The second issue concerns the cell imaging technique used to confirm that the cells have indeed been labeled. Electron microscopy is the gold standard for definitive confirmation of intracellular localization of nanoparticle labels, and is the method of choice.Citation7-9 With its high resolution, electron microscopy can clearly visualize the intracellular compartments with high definition, and visualization of the nanoparticles with this method provides the best assurance of successful cell labeling. Confocal microscopy is commonly used to assess uptake of fluorescently-labeled nanoparticles, and while this is a useful tool most researchers often omit the necessary additional staining steps to detail the plasma membrane, intracellular compartments and cytoskeleton. These added steps are vital to accurately discriminate between true intracellular labeling and membrane-bound labeling. In the present study fluorine (19F) MR spectroscopy (MRS) was performed to determine labeling efficiency of 19F-labeled NK cells,Citation1 which is fine, especially if the first issue considering removal of unbound surplus nanoparticles is completely under control. If unbound nanoparticles are still present in the cell suspension, these will however also be present in the cell lysate used during 19F MRS analyses.

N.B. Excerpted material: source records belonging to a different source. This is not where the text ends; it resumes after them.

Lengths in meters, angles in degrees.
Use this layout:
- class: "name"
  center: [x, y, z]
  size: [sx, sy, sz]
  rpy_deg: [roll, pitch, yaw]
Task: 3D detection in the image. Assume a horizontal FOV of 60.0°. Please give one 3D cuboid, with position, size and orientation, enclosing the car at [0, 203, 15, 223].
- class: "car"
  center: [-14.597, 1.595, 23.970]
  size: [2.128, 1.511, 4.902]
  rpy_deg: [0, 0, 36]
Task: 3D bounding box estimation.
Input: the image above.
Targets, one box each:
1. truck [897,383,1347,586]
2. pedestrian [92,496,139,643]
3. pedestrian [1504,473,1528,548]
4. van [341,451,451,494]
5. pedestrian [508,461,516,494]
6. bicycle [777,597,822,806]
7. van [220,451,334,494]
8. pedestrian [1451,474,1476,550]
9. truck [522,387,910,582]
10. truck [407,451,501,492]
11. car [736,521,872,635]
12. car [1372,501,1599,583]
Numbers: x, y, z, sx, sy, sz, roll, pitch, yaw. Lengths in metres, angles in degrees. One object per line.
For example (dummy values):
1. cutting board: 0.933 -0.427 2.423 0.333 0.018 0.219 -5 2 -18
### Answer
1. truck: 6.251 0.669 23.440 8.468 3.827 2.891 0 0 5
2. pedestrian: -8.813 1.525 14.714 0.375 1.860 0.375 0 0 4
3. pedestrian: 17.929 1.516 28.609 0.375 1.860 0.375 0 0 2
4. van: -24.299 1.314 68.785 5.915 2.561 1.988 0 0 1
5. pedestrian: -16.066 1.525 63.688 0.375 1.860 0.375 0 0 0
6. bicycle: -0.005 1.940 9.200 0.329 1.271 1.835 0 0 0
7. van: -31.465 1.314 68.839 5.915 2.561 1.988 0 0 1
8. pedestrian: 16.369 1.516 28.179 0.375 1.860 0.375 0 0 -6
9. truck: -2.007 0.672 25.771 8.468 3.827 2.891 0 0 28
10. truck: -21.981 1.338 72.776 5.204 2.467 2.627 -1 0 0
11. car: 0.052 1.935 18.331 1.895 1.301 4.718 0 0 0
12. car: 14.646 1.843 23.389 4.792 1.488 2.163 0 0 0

There are also several other issues that need to be considered. With reference to actively dividing cells such as T cells, one question to keep in mind is whether the label will be passed on to the progeny. Will the MR signal in daughter cells be half that of the mother cells, as would be expected when labeling with intracellular fluorescent dyes for flow cytometric measurements? Furthermore, for cells and their progeny that are likely to persist in vivo, cell viability and function tests should be performed several days, even weeks (if possible) after nanoparticle labeling and clearing. To study the migration of proliferating cells in vivo, the implementation of reporter genes for optical imaging,Citation10 nuclear medicineCitation11 or MRICitation12 are set to play an important role in molecular imaging.Citation13
While reference is made to the study by Bouchlaka et al. published in this journal, several other studies have reported the use of the same principle to label cells with an innately low phagocytic and high proliferative potential.Citation1,Citation14 This is by no means meant as a criticism to any particular study that has labeled cells other than those that are naturally phagocytic to track them by MRI. Rather, we merely wish to sound a cautionary note to all research groups, including our own, that particular attention should be given to cell labeling procedures in general, especially before application of the labeled cells into living organisms. While confirmation of intracellular localization of nanoparticles by electron microscopy may not be required for every individual experiment, it should at the least be done for the first reports of labeling new cell types with new nanoparticle formulations. The worst case scenario is that unlabeled cells are transferred together with contaminating unbound nanoparticles that have not been thoroughly removed from the cell suspension into living organisms — the ensuing in vivo MRI images might be completely misrepresentative. While some may regard the basic research behind cell labeling as an upstream process that needs to be tackled just once, the reality is that labeling strategies are continuously being developed and optimized, and different cell types will behave differently with the particular nanoparticle mélange available.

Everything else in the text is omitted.